В эти самые безрадостные дни её жизни в школу пришла Катя.
- Он один у меня остался, – сказала она. – Отдай!
- Возьми, – безразлично и тихо прошелестела Мария. – Возьми и будь счастлива, если сможешь... Я не смогла.
«Какая она страшная! – думала Катя, глядя на постаревшую, лишённую жизненных соков соперницу. Вся седая...»
- Не нравлюсь тебе? – мёртво улыбнулась Мария. – А вот ему нравилась.
- Любишь его?
- Теперь нет. Нечем. Оставь меня одну. Я его больше не пущу.
- Не сможешь.
- Смогу. Он твой, я знаю. Но я тоже хотела счастья. Теперь не хочу, потому что не знаю, какое оно...

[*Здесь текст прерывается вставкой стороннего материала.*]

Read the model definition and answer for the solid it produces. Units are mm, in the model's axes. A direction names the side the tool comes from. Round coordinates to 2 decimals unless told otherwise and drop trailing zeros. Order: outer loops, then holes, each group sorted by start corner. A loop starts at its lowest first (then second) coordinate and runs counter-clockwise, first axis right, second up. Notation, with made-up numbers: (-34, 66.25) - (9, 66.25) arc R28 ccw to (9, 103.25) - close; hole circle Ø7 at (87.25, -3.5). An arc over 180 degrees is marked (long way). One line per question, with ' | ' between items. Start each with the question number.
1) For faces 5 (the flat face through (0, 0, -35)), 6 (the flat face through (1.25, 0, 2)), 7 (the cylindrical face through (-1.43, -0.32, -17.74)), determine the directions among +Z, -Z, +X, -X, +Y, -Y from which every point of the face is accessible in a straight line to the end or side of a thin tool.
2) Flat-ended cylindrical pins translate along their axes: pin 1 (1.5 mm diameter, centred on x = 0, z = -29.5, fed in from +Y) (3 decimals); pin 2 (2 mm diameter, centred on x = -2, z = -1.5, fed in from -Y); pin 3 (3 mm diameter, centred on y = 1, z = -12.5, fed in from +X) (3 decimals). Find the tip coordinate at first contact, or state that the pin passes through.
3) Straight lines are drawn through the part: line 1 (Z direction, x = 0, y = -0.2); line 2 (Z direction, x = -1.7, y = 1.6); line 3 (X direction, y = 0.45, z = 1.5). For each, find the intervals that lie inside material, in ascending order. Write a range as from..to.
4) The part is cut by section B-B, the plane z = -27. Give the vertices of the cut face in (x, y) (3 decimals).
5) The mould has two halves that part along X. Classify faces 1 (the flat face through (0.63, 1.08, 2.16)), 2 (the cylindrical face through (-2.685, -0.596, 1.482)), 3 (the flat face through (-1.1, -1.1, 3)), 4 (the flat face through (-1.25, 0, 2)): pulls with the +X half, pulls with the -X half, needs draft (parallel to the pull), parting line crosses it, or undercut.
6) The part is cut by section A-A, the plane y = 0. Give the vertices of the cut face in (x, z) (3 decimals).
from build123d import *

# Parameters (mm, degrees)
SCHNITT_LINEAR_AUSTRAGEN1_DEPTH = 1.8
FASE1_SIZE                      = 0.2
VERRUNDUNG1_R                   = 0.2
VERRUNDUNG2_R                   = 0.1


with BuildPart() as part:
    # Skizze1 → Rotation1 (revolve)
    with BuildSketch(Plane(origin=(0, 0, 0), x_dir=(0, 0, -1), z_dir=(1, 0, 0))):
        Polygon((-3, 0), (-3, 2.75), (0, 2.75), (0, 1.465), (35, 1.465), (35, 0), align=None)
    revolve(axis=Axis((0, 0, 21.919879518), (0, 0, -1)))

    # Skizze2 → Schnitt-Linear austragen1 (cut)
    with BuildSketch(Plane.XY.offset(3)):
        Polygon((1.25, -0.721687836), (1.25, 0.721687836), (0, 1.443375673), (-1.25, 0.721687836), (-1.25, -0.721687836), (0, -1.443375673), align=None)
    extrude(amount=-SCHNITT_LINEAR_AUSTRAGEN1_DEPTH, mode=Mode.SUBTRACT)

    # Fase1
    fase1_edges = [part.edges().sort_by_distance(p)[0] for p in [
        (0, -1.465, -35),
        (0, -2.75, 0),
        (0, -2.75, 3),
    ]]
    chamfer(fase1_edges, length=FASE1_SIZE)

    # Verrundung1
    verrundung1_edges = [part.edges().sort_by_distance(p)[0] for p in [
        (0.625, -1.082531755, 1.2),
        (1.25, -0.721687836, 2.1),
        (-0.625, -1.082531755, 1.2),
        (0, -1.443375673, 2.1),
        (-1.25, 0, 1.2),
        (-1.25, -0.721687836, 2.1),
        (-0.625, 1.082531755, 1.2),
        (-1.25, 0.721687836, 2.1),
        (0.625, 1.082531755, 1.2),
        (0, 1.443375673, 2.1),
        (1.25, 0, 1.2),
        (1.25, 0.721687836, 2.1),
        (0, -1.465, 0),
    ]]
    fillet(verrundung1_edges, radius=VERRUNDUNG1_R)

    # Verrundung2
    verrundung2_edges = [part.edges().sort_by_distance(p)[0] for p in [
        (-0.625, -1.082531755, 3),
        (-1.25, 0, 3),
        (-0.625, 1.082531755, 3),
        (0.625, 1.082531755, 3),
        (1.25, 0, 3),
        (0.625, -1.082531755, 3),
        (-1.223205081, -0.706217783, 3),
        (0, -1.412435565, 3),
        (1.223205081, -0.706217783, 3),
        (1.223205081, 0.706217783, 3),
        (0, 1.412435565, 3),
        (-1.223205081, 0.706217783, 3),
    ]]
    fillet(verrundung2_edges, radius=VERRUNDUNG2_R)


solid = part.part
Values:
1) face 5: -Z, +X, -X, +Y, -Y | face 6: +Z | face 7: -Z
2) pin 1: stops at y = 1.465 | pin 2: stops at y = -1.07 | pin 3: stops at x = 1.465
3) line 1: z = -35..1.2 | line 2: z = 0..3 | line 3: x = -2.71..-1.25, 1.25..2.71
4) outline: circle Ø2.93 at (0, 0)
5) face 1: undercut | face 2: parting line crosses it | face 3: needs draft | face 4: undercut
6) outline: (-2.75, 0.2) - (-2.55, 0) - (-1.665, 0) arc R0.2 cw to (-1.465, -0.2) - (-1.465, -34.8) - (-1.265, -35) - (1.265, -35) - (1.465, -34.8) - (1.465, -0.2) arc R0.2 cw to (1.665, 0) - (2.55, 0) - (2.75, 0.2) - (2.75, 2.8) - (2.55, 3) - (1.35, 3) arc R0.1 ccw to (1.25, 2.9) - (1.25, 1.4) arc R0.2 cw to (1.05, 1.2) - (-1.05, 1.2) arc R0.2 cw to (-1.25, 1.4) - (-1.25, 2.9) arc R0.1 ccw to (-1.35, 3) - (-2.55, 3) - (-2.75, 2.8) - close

- И со мной оно разминулось...
- У тебя всё впереди. Прощай! И не держи на меня зла. Я всего лишь слабая баба.
- Жалкая ты моя! – обхватила её Катя. – Обездолил он нас...
- Нет, меня не обездолил. Он дал мне очень много. Всё, что было отпущено, я израсходовала... Остальное твоё. Бери и больше не растравляй меня.
Когда постучал Прокопий, она не впустила его. Не открыла и во второй раз, и в третий; лежала на кровати и слушала его сердитый голос и стук.
Он колотил настойчиво и долго, но Мария не открывала, не двигалась, точно это был не любовник её, а ветер в ставни.
«Я строила из песка. Из песка строится на один миг. Вот и рассыпалось. Теперь ничего нет...»
В дверь больше не стучали.
Глава 44
- Я за тобой, Катерина, – сказал Федяня, выставляя на стол поллитровку.